Clark v Ngati Karewa Trust
[2004] NZCA 225
•14 September 2004
IN THE COURT OF APPEAL OF NEW ZEALAND
CA112/04
BETWEENNGAIRE NICOLA CLARK AND GRAHAM UERATA CLARK
Applicants
ANDNGATI KAREWA AND NGATI TAHINGA TRUST
Respondents
Hearing:16 August 2004
Coram:Glazebrook J
Hammond J
Chambers JAppearances: J E Dorbu for Applicants
A R Gilchrist for Respondents
Judgment:14 September 2004
JUDGMENT OF THE COURT DELIVERED BY CHAMBERS J
Application to appeal out of time
[1] Ngaire and Graham Clark apply for special leave to appeal out of time against a decision of Venning J given on 15 October last year. Venning J dealt with a summary judgment application brought by the Ngati Karewa and Ngati Tahinga Trust, a charitable trust, against Mr and Mrs Clark. He found that the Clarks did not have an arguable defence to the application for summary judgment. He awarded the trust $150,817, together with interest. The total came to $222,536.26.
[2] The trust opposes the Clarks’ application for special leave on two main grounds. First, the trust points to the Clarks’ extreme delay in challenging Venning J’s judgment. Secondly, the trust asserts that the proposed appeal has no merit. Those are the issues we deal with in this judgment.
Background facts
[3] The trust was set up by a deed of trust dated 13 June 1985. The Clarks were two of the trustees. In May 1988, some of the trustees purported to lend the Clarks money so that they could purchase a property for their own use. The sum of $150,817 was advanced. The loan fixed interest at the rate of 5% pa. The principal was to be repaid upon Mr Clark’s retirement.
[4] Over the years since the trust was established, there have been ongoing disputes and litigation over the way in which the trust has been administered. Eventually, in 1999, the Attorney-General took action: the proceeding was commenced in the High Court under M 2073/99 (Auckland Registry). In that proceeding, the Attorney-General sought an order under s 51 of the Trustee Act 1956 appointing a new trustee or trustees in substitution for the existing trustees. The following year, Inuwai McKinnon (claiming to represent at least 150 members of Ngati Tahinga) brought separate proceedings seeking a review of various acts and decisions of the trustees pursuant to s 68 of the Trustee Act. In the main, the relief sought by Mr McKinnon was the same as that sought by the Attorney-General, except that he also sought an order that the Clarks restore to the trust the $150,000 which had been lent to them by the trust for the purpose of buying their property at Papatoetoe.

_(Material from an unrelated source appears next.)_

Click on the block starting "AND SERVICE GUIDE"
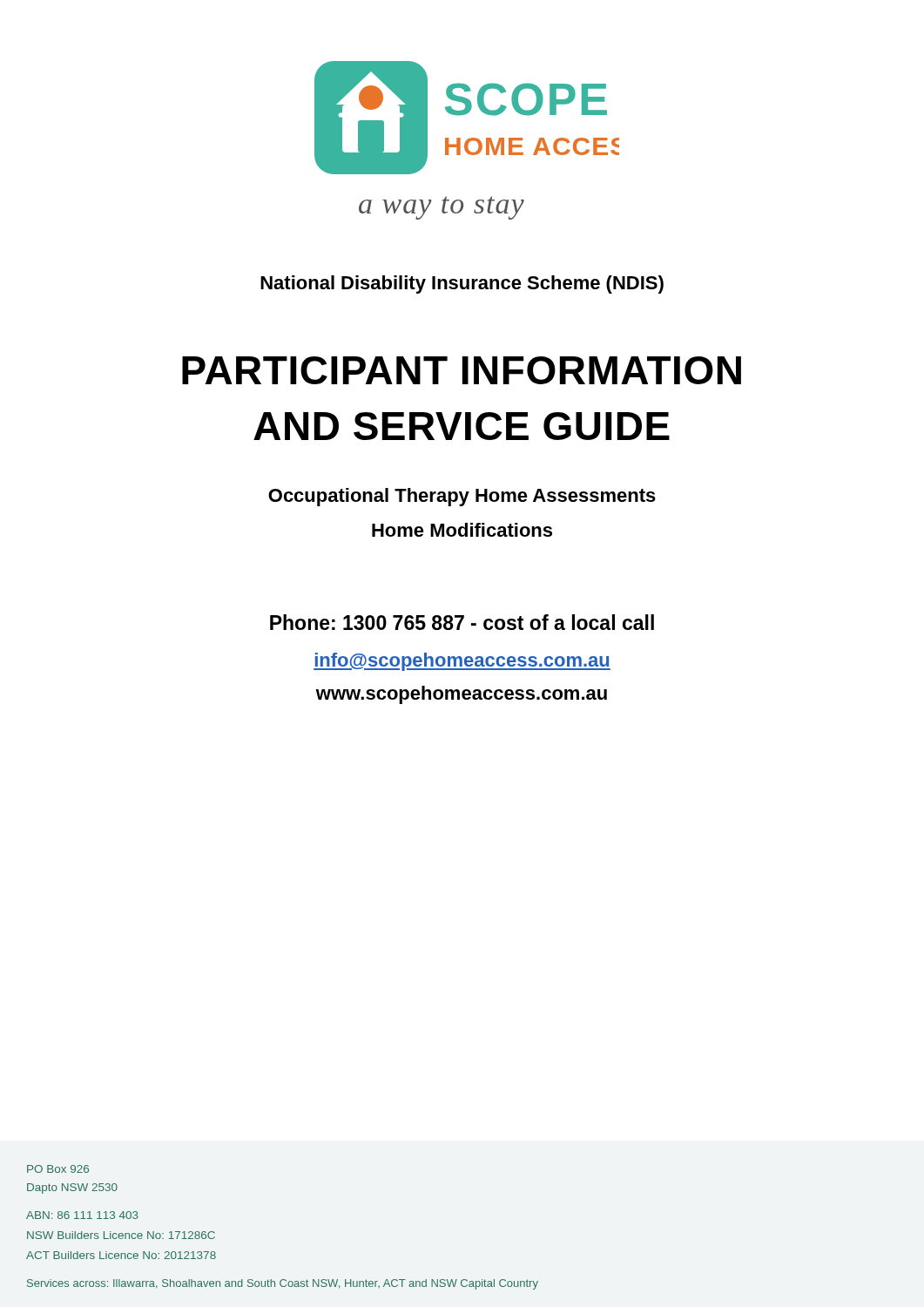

[5] Those two proceedings were heard together by Randerson J in the High Court at Auckland in October 2001. His Honour delivered judgment on 5 November 2001. He found that certain people who had purportedly been appointed as trustees had not been properly appointed, and he declared their appointments “to be invalid and of no effect”. He removed the remaining validly appointed trustees, who included the Clarks, as trustees pursuant to s 51 of the Trustee Act. He appointed the Public Trustee at Auckland as the interim trustee of the trust until further order.
[6] Most importantly for current purposes, Randerson J dealt with the purported loan to the Clarks. He found that the loan had never been validly authorised. Nor were two later attempts to write it off authorised. He held that “the total sum advanced of $150,816.84 (less any reductions of principal shown to have been validly made) remained the property of the Trust and should be restored to it” (at [112]).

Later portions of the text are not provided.